As sequelas ficam pelo resto da vida, diz o médico Wellington Menezes, cirurgião plástico da Sociedade Brasileira de Cirurgia Plástica (SBCP) e conselheiro da Associação Nacional dos Amigos e Vítimas de Queimaduras (Anaviq), fundada em 2018 por Alexandra.
Segundo os especialistas, a pele que é o maior órgão do corpo fica doente após a queimadura. Perde a capacidade de controle térmico, hidratação e proteção contra raios ultravioletas.

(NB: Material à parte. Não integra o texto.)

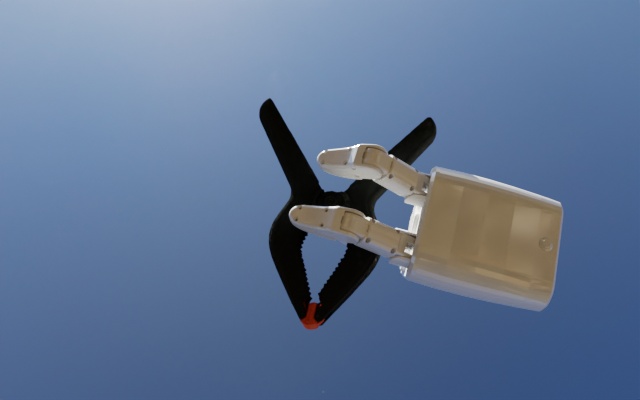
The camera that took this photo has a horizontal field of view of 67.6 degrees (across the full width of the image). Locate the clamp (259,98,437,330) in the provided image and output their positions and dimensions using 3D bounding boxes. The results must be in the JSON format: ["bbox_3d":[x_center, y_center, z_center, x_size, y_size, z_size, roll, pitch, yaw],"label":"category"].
[{"bbox_3d":[0.000,0.002,0.415,0.164,0.210,0.036,14,-21,10],"label":"clamp"}]

Além disso, diz Menezes, os enxertos de pele (quando a pele saudável de outra parte do corpo é usada para substituir a pele queimada) podem durar até dois anos para cicatrizar. Nesse período, podem cicatrizar bem ou não. Algumas aumentam de tamanho, formando queloide, outras ficam menores e limitam o movimento das articulações.
No último caso, o paciente pode não conseguir ter a mobilidade adequada de perna, braço e até pescoço.

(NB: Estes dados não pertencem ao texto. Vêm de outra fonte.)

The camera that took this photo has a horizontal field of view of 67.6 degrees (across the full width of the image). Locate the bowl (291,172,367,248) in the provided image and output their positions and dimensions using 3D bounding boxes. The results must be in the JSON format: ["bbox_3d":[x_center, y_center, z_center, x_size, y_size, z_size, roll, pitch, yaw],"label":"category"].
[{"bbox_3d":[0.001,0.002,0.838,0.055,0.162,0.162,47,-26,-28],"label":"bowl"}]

As sequelas, porém, não são apenas funcionais. As cicatrizes das queimaduras geram dificuldades de reinserção social. “A gente não consegue minimizar a aparência da cicatriz a ponto de parecer que não existe. A pele enxertada fica com tonalidade e aspecto diferentes. Às vezes a pessoa não vai conseguir emprego pelo aspecto das cicatrizes”, diz Menezes.
Continuar na escola, ser contratado em um emprego, usar o transporte público e aproveitar o lazer podem ser atividades que ficam mais difíceis para vítimas de queimaduras.

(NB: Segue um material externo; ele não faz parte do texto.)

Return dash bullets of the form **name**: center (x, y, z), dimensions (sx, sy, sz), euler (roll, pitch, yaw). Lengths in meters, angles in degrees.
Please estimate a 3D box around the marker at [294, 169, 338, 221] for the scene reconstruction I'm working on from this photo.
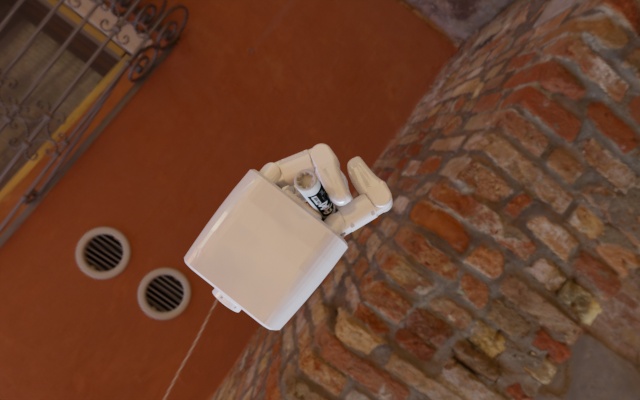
- **marker**: center (0.000, 0.001, 0.430), dimensions (0.020, 0.020, 0.121), euler (0, -17, 12)
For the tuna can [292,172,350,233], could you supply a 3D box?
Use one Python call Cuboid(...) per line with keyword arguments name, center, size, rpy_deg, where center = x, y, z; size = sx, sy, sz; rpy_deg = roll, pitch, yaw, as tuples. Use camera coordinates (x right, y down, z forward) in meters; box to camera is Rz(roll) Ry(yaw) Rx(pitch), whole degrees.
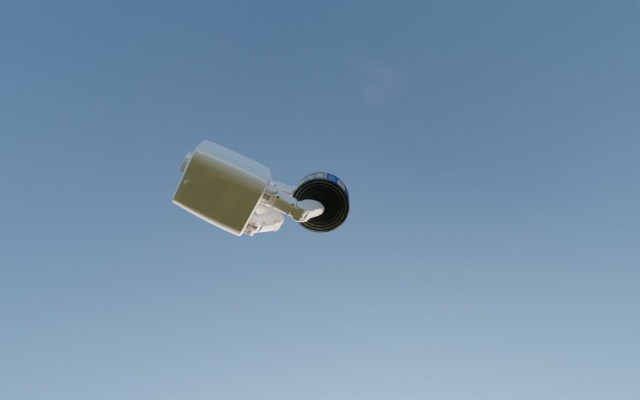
Cuboid(name="tuna can", center=(0.000, 0.002, 0.707), size=(0.086, 0.086, 0.033), rpy_deg=(0, 24, 4))
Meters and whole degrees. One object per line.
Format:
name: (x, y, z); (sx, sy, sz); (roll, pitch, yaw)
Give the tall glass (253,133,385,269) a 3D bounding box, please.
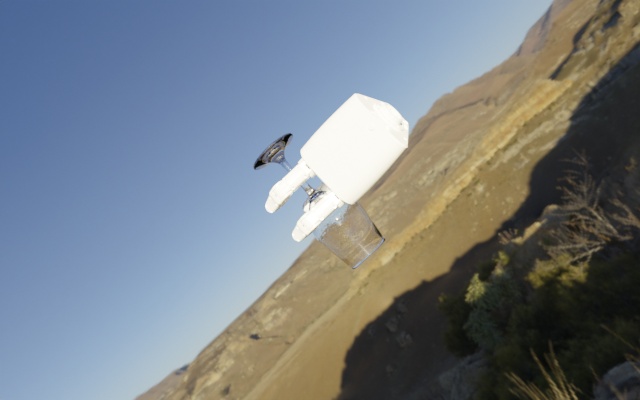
tall glass: (0.000, 0.002, 0.669); (0.079, 0.201, 0.079); (-42, -6, -5)

Alexandra fundou a Anaviq para dividir experiências e ajudar novos “queimados”, como se refere ao grupo. Em novembro de 2020, criou um abaixo-assinado online pela aprovação de uma lei que pedia a inclusão da pessoa com sequelas de queimaduras no Estatuto da Pessoa com Deficiência. A petição em 46 mil assinaturas.
“É um assunto chato de ser falado. Parece que a gente está se vitimizando, se colocando em um lugar de coitado. Mas não é, essa é uma realidade”, diz Alexandra. Ela afirma que os queimados não têm igualdade de condições em relação a pessoas sem cicatrizes, o que as enquadraria na lei.
O Projeto de Lei (PL) 4.558/2019 foi aprovado na terça-feira (15) na Câmara dos Deputados e será enviado para o Senado. O texto assegura às vítimas de queimaduras uma avaliação biopsicossocial que determina a gravidade das sequelas e se existe deficiência.
O PL também garante assistência integral pelo SUS (Sistema Único de Saúde) em todas as etapas do processo de recuperação.
Cerca de 1 milhão de pessoas sofrem queimaduras por ano no país. Destas, por volta de 150 mil dão entrada nos hospitais para internação, diz o médico Adorno, que representa a Sociedade Brasileira de Queimaduras.
Desde 2009, ele defende que os pacientes sejam considerados pessoas com deficiência. “São pessoas carentes de políticas públicas. É uma forma de ampará-los”, diz.
A OMS (Organização Mundial da Saúde) aponta que pessoas vivendo em condições de risco, tais como ambientes superlotados e de extrema pobreza são mais vulneráveis às queimaduras. Por outro lado, diz Adorno, essas pessoas precisam arcar com tratamentos longos, que incluem cirurgias, malhas compressivas, fisioterapia, apoio psicológico, protetor solar e hidratantes de preço alto.
Em audiência pública no Senado naquele ano, ele citou que as vítimas de queimaduras poderiam ter os mesmos benefícios que pessoas com deficiência, entre eles direito ao trabalho e ao passe livre, direito à educação, saúde e acessibilidade, além de direito a isenções fiscais e financiamento.